Now, my campaign didn’t raise thousands of dollars or overshoot its goal, but I did end up raising all the money I asked for, which was enough for what I needed. Here are some of the approaches that worked for me:
Do your homework.
Study successful campaigns run by other people in the same field. What kind of perks are they offering? How many contributors showed interest in each perk? What are their campaign videos like? How much did they ask for?
Remember that just because one person ends up raising far more than they asked for doesn’t guarantee your campaign will do the same. For every one of those people who knock it out of the park, there are still countless others who never even reach their goal. Compare your existing network to theirs, and adjust your strategy accordingly.
If you already have a newsletter, that’s also a great place where you can ask your readers what kind of goodies they would be interested in, since they should be your target audience.

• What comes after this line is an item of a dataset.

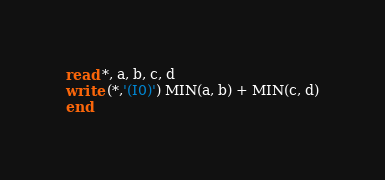Convert code to text. <code><loc_0><loc_0><loc_500><loc_500><_FORTRAN_>read *, a, b, c, d
write (*,'(I0)') MIN(a, b) + MIN(c, d)
end</code> 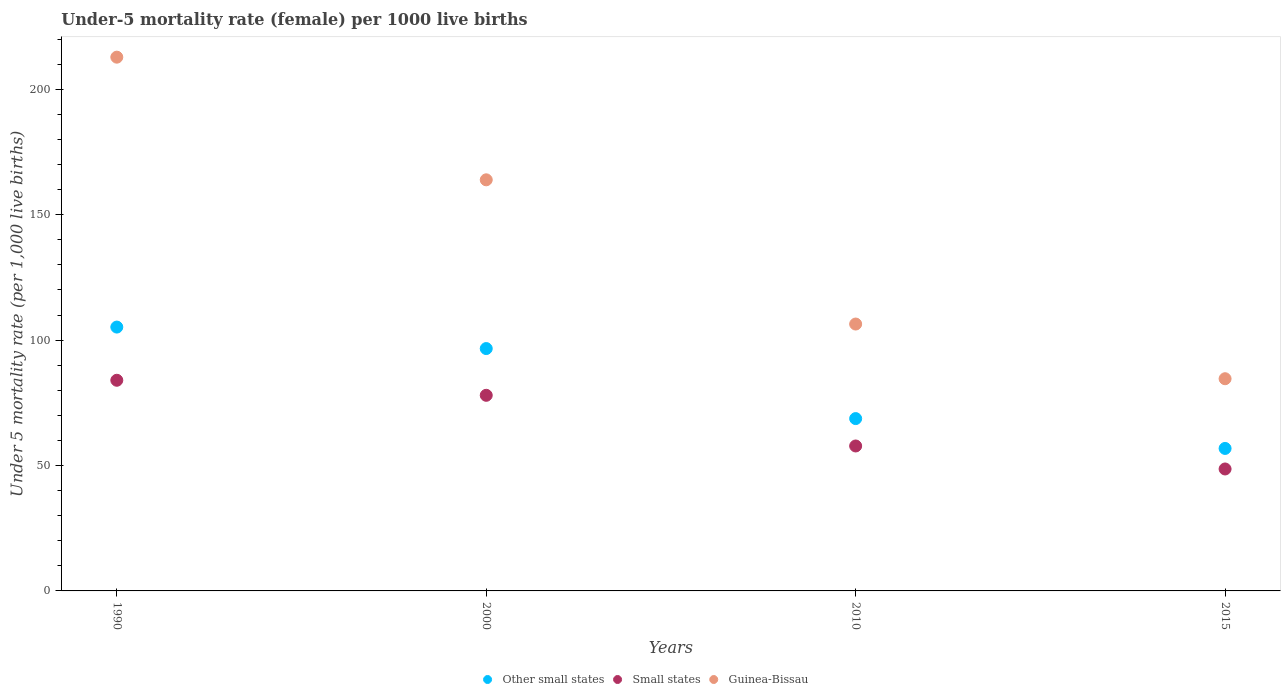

The most important thing to keep in mind when trying to come up with that magic number is to be realistic. How much do you really need to get to where you want to go? Don’t just estimate; get the hard numbers. You’ll also need to keep the following costs in mind:
- Perk fulfillment: A lot of the stuff you’ll be giving away will probably cost money.
- Shipping costs: Some of your perks will probably need to be shipped to your contributors.
- Indiegogo/Kickstarter’s cut: How much of what you raise will go to the crowdfunding platform and transaction fees?
To keep some of these costs down, consider restricting the lower-end perks to digital items (ebooks, videos, etc.). This will eliminate physical inventory and shipping costs.
Even though it can be a lot to cram into your financial goal, you still want to keep it achievable. If you drive your price up too high, it could turn off potential contributors. (I can’t believe how much I see some people asking for just to publish one book… I could probably live for a year off of some of their financial goals!)
Also, make sure each of your perks is reasonably priced. This can make the difference between a campaign that feels like an exciting opportunity, and one that looks like a straight-up charity case.
Think outside the box.
I expected to get a large volume of smaller contributions to my campaign, but my experience ended up being the complete opposite. Two of my initial three contributors weren’t even part of my inner circle.
My husband is a member of a natural bodybuilding team, and when he shared the link to my campaign, two people contributed right away. The team is a very positive, supportive group, and many of them are entrepreneurs, so even though they aren’t my regular readers, some of them were generous enough to back me, which I never would have expected.
Some of my friends are also not really into buying stuff online, but they were happy to give me cash donations. I posted their contributions to my campaign on their behalf.
Don’t limit yourself. Try to consider all the different people you have the potential to reach, and if there’s a sticking point, try to meet them halfway.
This one can be tough, unless your campaign really takes off right away, and you end up earning most of your money in the first few days. Chances are, you’re in this for the long haul. That means a lot of emotional ups and downs as you anxiously monitor your progress.
The success or failure of your campaign should not be a measure of your self-worth. Remember this at all times. It’s easy to get down on yourself if several days go by without any contributions. It doesn’t mean you’re a bad person, or that no one loves you. You just need to keep moving forward, and try to find new ways to reach people.
Every dollar you receive, every retweet, Like, share, etc., is a reason to celebrate and be grateful. Let the people who are supporting you know how awesome they are because without them, you would have no campaign. The last thing you want is to give off an aura of entitlement.
Understand that not all of your family or friends are going to be able to support you financially. These are tough times for everyone. A lot of people also might not see why they should give money to something as ‘frivolous’ as an independent book, film, etc., or maybe they’ve just been bombarded with crowdfunding requests already. It happens. Don’t lash out, and don’t take it personally. Focus on the fantastic people who are backing you and move on.
Have YOU run a crowdfunding campaign? What was your experience like?